Japanese Patent Application Laid-Open No. 2004-167423 Japanese Patent Application Laid-Open No. 7-265854

The present invention relates to a pure water producing process in which concentrated water of a first RO membrane apparatus is treated with a second RO membrane apparatus to recover permeated water, characterized in that a decarbonation apparatus for preventing enrichment of inorganic carbonic acid in the system, The present invention has as its object to provide a pure water producing apparatus and a pure water producing method which are economical and cost effective.

The inventors of the present invention have found that the decarboxylation apparatus is formed not on the line for introducing the water to be treated into the first RO membrane apparatus but on the transfer line for returning the permeated water of the second RO membrane apparatus to the introduction line, It has been found that the inorganic carbonate enriched in the apparatus is removed with this decarbonation apparatus to prevent enrichment of the inorganic carbonate in the system. In addition, since this decarboxylation apparatus treats only water permeated by the second RO membrane apparatus whose water content is significantly reduced as compared with the water to be treated by recovering water in the first RO membrane apparatus and the second RO membrane apparatus, The load of the motor is greatly reduced, and it is found that the compact and space-saving can be achieved.

The present invention has been achieved on the basis of such findings, and the following will be given.
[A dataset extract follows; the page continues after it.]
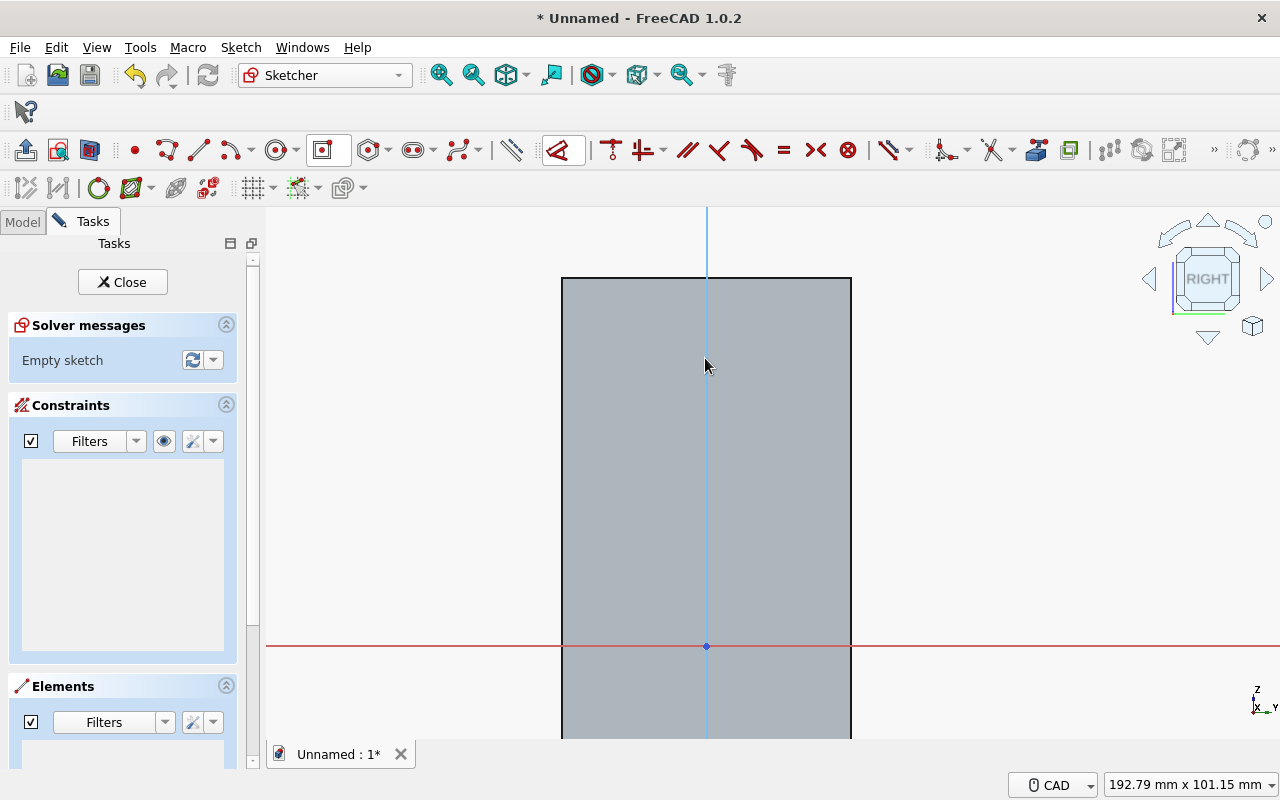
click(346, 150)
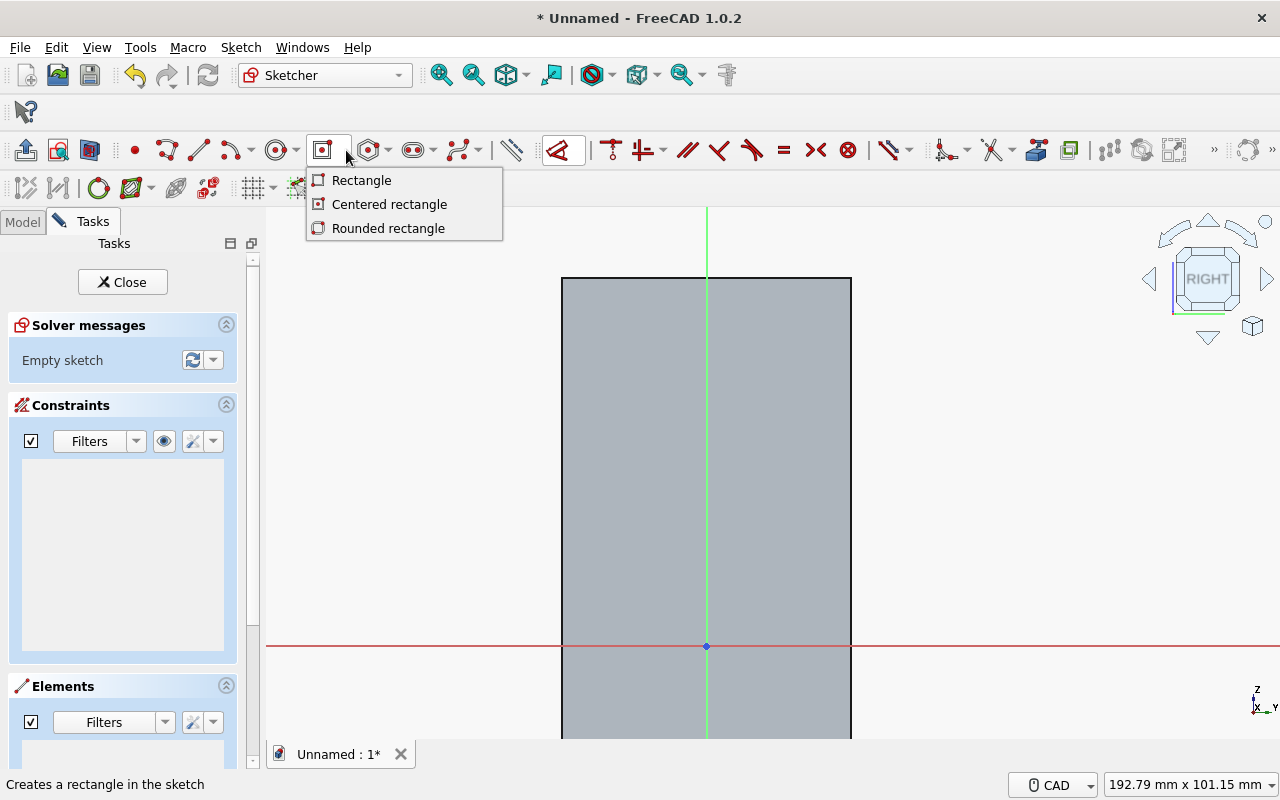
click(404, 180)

[1] A process for treating a treated water, comprising: a first reverse osmosis membrane device for treating a treated water with a reverse osmosis membrane; an introduction line for introducing water to be treated into the first reverse osmosis membrane device; A second reverse osmosis membrane device for treating the concentrated water of the first reverse osmosis membrane device with a reverse osmosis membrane treatment and a return line for returning the permeated water of the second reverse osmosis membrane device to the introduction line And a decarbonating device for decarbonating the permeated water of the second reverse osmosis membrane device on the return line.
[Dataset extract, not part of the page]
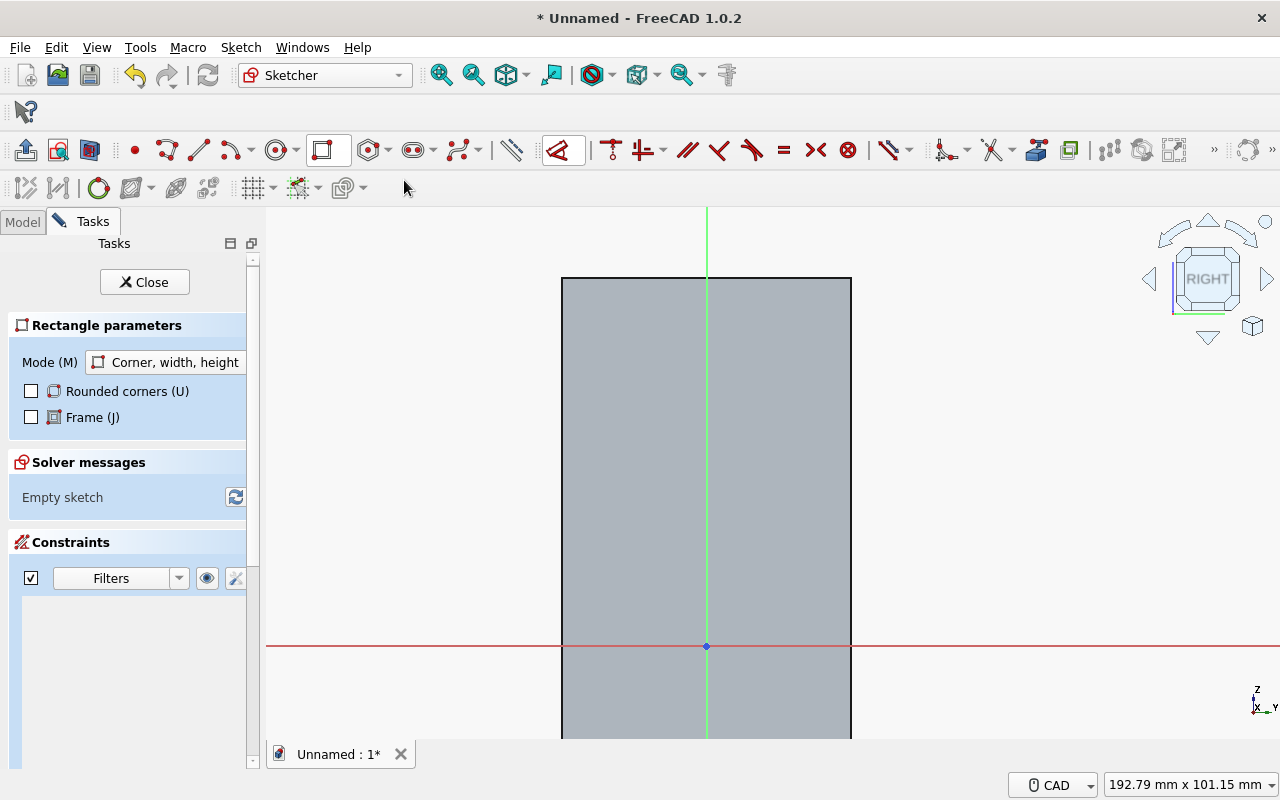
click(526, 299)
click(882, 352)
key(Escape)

[2] The pure water producing apparatus according to [1], wherein the decarbonating apparatus is a membrane degassing apparatus.

[3] The pure water producing apparatus according to [1] or [2], further comprising an electric deionization device for deionizing the permeated water of the first reverse osmosis membrane device.

[4] The pure water producing apparatus according to any one of [1] to [3], further comprising: a desiccant for subjecting the for-treatment water to a tanning treatment, wherein treatment water of the desulfurizer is introduced into the first reverse osmosis membrane device Wherein the water is supplied to the pure water producing apparatus.

[5] The pure water producing apparatus according to any one of [1] to [4], further comprising a pH adjusting means for adjusting the pH of the feed water of the first reverse osmosis membrane unit to 6.3 or higher .

[6] The pure water producing apparatus according to any one of [1] to [5], further comprising a pH adjusting means for adjusting the pH of the feed water of the second reverse osmosis membrane unit to less than 6.0 .

[7] An apparatus for treating water for treatment, comprising: a first reverse osmosis membrane device for treating a treated water with a reverse osmosis membrane; an introduction line for introducing water to be treated into the first reverse osmosis membrane device; A second reverse osmosis membrane device for treating the concentrated water of the first reverse osmosis membrane device with a reverse osmosis membrane treatment and a return line for returning the permeated water of the second reverse osmosis membrane device to the introduction line Wherein the permeated water of the second reverse osmosis membrane device is subjected to decarboxylation treatment and then returned to the introduction line.

[8] The pure water producing method according to [7], wherein the permeated water of the second reverse osmosis membrane device is subjected to decarboxylation treatment with a membrane degassing device.

[9] A pure water producing method according to [7] or [8], wherein the permeated water of the first reverse osmosis membrane device is treated with an electric deionization device.

[10] The pure water producing method according to any one of [7] to [9], wherein the to-be-treated water is subjected to surface treatment and then introduced into the first reverse osmosis membrane apparatus.

[11] The pure water producing method according to any one of [7] to [10], wherein the pH of the feed water of the first reverse osmosis membrane unit is 6.3 or higher.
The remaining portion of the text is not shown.